Marlinの新EP『Side Effects』が心に響く
スイス出身でギニアとハンガリーにルーツを持つシンガーソングライター、MarlinがそのセカンドEP『Side Effects』を発表しました。この新作は、アーティストとしてだけでなく、個人としても大きな成長を示す重要な作品となっています。
デビューEP『New Her』では、時に毒とも言える関係の余波と自分を取り戻す過程が描かれていましたが、最新作『Side Effects』では心の準備、健全な愛、そして再び心を開く勇気に焦点が当たっています。曲の中では成長が癒しを生み出し、やがて本当に愛を受け入れる準備が整う瞬間を見事に捉えています。
愛の脆さと喜びを映し出す
全4曲を通して、Marlinは落ち着いた視点から恋に落ちる喜びや脆さを描出しています。明るく軽やかなムードを持ちながら、歌詞には迷いや不安が織り交ぜられ、心が準備できていても、過去の傷が残る身体との葛藤を認める姿勢が見受けられます。この緊張感に向き合い、不安を正直に表現し、自己理解を深める力に変えていく様子が、聴く人に深い印象を与えます。

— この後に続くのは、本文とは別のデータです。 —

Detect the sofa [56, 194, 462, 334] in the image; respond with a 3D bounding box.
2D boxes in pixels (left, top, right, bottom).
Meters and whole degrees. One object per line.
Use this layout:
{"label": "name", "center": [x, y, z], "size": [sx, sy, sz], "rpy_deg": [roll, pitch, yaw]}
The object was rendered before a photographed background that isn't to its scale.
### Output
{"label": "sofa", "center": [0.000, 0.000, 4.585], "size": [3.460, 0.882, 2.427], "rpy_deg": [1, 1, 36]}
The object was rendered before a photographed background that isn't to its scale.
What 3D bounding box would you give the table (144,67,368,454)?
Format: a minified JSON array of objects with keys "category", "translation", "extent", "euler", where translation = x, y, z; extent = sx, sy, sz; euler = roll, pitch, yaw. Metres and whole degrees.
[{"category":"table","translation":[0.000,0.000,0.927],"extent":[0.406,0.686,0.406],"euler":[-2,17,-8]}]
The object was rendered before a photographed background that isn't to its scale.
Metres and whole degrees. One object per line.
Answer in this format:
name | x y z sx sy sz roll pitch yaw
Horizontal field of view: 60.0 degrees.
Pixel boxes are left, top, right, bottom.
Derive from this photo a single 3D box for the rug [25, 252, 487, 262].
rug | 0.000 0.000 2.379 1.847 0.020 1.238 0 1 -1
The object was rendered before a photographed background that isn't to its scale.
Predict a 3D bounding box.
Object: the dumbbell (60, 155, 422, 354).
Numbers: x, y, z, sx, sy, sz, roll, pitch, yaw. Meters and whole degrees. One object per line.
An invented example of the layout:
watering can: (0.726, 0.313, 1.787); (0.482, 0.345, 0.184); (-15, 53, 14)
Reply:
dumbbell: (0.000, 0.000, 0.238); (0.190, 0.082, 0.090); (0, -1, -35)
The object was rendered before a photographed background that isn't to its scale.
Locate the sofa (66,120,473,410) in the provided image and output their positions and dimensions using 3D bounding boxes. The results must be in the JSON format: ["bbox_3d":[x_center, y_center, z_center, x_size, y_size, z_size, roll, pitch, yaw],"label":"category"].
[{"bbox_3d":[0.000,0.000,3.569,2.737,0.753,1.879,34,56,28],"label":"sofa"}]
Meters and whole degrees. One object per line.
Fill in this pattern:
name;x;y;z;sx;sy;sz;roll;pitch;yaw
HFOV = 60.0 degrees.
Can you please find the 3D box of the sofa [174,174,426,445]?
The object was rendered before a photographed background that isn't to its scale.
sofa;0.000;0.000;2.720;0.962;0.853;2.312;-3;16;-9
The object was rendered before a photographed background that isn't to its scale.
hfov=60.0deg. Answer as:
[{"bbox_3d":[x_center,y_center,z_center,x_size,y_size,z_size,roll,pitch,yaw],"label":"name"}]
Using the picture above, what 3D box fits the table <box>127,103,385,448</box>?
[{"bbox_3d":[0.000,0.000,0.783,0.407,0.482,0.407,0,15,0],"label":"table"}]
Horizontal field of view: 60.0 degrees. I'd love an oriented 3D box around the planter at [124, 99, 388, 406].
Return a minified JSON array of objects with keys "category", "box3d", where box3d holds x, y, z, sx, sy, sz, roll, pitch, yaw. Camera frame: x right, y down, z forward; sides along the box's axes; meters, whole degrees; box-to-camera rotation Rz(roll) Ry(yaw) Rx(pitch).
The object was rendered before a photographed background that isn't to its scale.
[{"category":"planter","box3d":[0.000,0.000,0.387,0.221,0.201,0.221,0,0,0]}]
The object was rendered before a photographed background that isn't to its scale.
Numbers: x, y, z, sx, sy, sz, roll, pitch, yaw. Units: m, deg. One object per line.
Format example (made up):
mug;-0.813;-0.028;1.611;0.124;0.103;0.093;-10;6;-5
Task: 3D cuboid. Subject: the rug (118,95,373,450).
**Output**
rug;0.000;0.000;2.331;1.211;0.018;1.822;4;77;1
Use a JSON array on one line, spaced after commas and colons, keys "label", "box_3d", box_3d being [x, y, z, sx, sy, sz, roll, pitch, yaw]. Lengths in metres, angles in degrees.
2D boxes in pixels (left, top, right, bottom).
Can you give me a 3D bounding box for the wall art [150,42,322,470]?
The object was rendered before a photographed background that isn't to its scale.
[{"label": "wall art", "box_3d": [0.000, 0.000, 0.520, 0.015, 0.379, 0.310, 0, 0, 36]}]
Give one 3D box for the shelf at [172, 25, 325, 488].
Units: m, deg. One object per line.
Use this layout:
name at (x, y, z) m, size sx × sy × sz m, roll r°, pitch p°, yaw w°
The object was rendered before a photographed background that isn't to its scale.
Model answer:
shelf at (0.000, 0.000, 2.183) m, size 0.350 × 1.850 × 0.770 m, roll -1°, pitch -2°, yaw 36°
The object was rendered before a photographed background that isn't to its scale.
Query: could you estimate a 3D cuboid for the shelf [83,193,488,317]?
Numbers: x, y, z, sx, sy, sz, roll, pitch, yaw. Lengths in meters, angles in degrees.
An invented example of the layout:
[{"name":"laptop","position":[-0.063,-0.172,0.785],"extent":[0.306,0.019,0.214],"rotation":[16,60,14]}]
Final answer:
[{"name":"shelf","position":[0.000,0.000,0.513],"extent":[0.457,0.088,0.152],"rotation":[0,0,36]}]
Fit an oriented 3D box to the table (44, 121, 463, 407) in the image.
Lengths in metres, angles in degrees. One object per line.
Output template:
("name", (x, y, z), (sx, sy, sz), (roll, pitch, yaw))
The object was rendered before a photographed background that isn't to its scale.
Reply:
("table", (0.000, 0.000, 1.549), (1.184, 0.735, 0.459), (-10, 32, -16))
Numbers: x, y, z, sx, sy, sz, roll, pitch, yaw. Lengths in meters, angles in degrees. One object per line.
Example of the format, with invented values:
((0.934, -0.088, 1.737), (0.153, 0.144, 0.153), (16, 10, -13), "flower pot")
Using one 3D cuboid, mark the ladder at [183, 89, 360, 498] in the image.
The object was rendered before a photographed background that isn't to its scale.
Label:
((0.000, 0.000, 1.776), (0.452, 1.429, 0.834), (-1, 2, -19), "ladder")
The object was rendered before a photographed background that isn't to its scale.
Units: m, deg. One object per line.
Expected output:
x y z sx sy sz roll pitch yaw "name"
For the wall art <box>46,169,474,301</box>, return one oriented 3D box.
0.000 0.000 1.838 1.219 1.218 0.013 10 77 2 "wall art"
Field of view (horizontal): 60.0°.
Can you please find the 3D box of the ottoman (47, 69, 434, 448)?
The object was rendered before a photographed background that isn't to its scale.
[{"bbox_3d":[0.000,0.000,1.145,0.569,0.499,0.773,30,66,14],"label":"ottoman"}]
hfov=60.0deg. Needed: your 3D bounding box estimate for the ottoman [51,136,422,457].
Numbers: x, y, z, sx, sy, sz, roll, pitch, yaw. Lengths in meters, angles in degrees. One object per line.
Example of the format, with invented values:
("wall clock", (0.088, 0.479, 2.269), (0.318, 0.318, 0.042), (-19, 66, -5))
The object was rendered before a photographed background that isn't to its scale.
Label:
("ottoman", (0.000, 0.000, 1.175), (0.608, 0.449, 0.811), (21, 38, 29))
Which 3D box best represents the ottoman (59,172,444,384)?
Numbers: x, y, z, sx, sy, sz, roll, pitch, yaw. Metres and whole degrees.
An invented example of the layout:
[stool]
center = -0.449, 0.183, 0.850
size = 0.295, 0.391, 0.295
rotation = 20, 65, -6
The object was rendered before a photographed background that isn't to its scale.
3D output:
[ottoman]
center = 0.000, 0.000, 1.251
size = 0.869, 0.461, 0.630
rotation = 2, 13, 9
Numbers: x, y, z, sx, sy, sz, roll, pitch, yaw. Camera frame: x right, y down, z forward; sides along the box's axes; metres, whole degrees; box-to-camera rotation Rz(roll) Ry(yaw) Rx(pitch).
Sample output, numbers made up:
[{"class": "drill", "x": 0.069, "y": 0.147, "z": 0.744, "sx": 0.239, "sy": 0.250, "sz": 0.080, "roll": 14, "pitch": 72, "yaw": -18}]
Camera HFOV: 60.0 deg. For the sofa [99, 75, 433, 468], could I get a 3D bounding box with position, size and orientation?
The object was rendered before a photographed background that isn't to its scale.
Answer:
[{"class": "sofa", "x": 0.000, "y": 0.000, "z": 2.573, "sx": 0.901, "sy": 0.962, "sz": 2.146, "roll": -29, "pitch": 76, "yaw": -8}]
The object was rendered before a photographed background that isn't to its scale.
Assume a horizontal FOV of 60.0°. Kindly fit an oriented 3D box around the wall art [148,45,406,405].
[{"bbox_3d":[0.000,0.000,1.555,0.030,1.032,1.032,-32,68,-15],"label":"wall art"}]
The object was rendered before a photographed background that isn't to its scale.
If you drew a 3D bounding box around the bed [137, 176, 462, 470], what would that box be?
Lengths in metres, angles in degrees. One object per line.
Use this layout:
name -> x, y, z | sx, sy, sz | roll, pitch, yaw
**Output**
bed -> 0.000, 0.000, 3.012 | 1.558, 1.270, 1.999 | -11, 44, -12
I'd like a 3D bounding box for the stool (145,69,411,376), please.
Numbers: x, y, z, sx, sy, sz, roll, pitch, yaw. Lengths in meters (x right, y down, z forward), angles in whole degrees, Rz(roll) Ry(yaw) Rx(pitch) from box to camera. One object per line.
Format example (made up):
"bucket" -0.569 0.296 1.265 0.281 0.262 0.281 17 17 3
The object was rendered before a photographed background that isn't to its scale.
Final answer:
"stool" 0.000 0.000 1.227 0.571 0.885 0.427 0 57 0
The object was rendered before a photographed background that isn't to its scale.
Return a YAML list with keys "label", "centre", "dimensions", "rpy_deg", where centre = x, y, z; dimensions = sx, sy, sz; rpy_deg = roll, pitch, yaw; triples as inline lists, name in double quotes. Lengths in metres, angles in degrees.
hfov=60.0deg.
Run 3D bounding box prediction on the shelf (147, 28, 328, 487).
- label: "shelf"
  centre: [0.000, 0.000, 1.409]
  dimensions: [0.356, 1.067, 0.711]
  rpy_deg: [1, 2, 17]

メッセージとして伝わるのは、内面の成長を重ねた者ほど、安定した満たされた関係を築けるということ。これは、現代において多くの人が求める普遍的なテーマです。
サウンドの魅力
音楽的には、現代的なR&Bとポップを基にしながら、温もりのあるグルーヴ、クリーンなメロディ、さらにはさりげないファンクの要素が見事に融合しています。この様々な音の重なりが、キャッチーさと感情の深みを実現し、1曲1曲が持つ独自の表情を際立たせています。特に
「Hard To Get」では自信に満ちた遊び心が感じられ、対照的に「Type of Way」では落ち着いた安心感が漂い、さらに「Don’t Let Him Go」では自己を傷つけるかもしれない感情との緊張感が描かれています。アルバムのタイトル曲「Side Effects」では、信頼を再構築する過程における静かな不安が見事に表現されています。
Marlinのこれまでの歩み
Marlinは多文化的な背景を持ち、幼少期から90~2000年代のR&B、ヒップホップ、レゲエといった音楽に親しんできました。彼女の音楽的アイデンティティは、Alicia KeysやLauryn Hill、Usherといったアーティストから大きな影響を受けて形作られました。2019年にはデュオOzyahとしてEP『688』をリリースし、スイス国内で積極的にライブ活動を行いました。
2022年からはソロ活動を開始し、R&Bとポップのセンスを磨き続けています。スイスの主要ラジオ局でも彼女の楽曲がオンエアされるなど、徐々に支持を獲得し、2024年にはZermatt Unplugged Mountain AcademyやMontreux Jazz Residencyに参加する予定で、さらなる音楽シーンでの存在感を示していくことでしょう。
まとめ
Marlinの新EP『Side Effects』は、成長と愛の美しさを見つめ直す内容となっており、聴く者に強い感情を呼び起こすことでしょう。これからの彼女の活動にも、ぜひ注目してみてください。